[Items listed in a dataset]
----------------
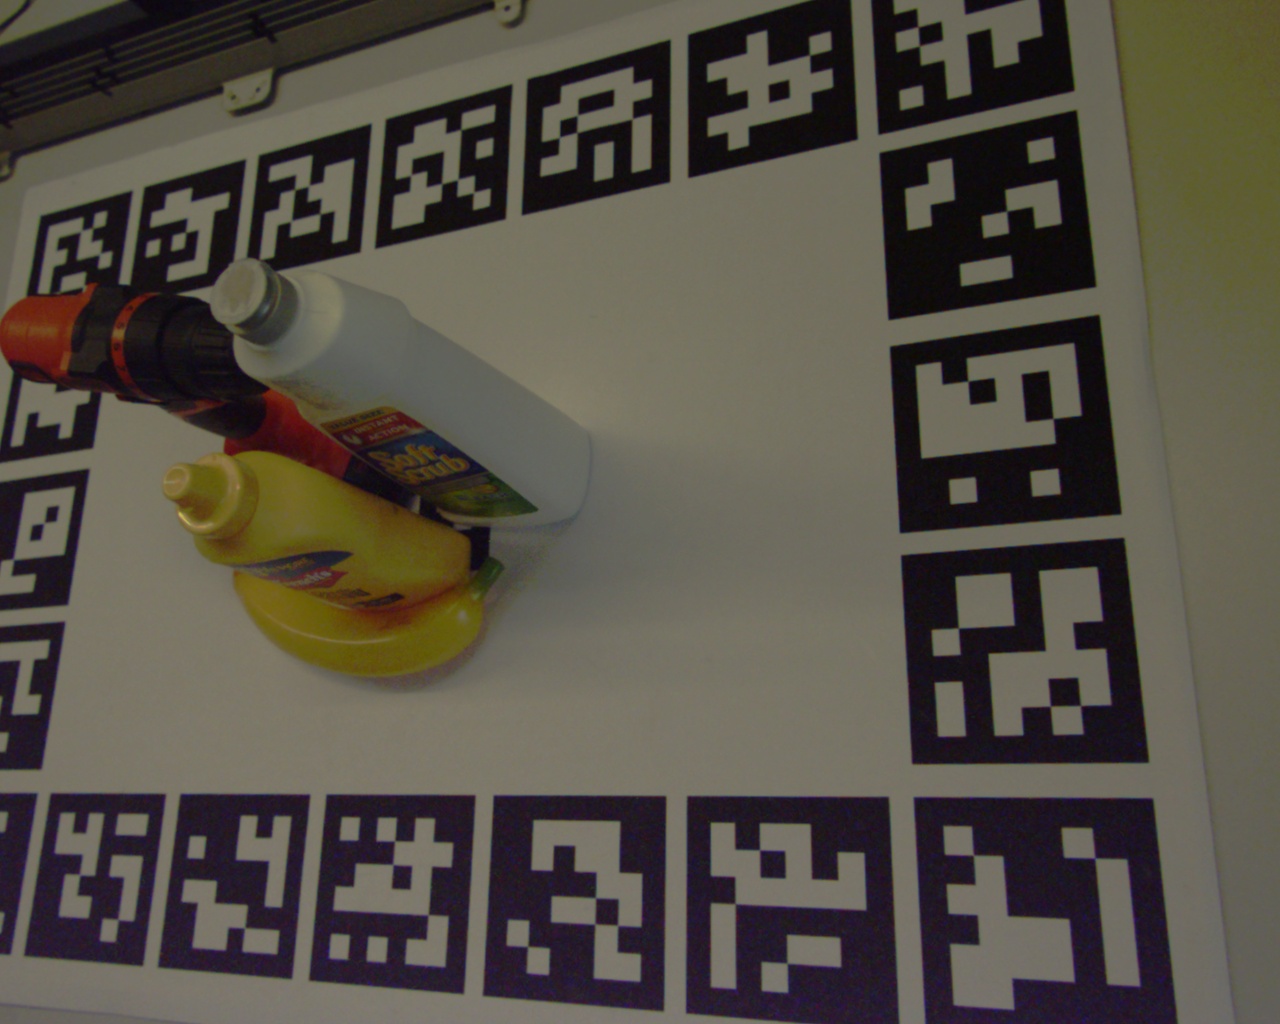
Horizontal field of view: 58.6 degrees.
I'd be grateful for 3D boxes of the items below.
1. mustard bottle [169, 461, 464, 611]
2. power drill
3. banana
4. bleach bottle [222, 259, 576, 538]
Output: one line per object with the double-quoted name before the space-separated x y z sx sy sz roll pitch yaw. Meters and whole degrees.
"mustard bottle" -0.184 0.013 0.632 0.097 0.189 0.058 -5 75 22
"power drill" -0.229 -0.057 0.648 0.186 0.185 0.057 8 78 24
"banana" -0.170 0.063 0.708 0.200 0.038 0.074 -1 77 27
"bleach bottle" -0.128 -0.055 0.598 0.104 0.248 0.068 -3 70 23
----------------
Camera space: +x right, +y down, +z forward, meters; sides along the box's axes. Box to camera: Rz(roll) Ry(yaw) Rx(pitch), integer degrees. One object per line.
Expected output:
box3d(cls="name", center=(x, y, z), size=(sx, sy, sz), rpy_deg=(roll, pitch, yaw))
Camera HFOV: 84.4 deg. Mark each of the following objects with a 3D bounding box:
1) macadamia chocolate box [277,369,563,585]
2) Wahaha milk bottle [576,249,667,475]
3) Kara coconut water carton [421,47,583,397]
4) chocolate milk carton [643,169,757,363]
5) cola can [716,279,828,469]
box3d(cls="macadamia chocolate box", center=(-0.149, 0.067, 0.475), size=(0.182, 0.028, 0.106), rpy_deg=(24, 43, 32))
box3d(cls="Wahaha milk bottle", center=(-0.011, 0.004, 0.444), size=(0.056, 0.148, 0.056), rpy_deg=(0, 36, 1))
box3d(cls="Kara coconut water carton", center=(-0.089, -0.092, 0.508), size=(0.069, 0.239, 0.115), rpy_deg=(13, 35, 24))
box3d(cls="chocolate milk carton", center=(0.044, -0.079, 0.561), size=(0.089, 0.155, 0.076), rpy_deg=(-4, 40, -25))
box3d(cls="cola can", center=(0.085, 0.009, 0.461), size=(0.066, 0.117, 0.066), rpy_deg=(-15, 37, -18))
----------------
AIM OF THE EXERCISE → Every line above in which the word "Camera" occurs needs to be copied.

ANSWER BOX →
Camera space: +x right, +y down, +z forward, meters; sides along the box's axes. Box to camera: Rz(roll) Ry(yaw) Rx(pitch), integer degrees. One object per line.
Camera HFOV: 84.4 deg. Mark each of the following objects with a 3D bounding box:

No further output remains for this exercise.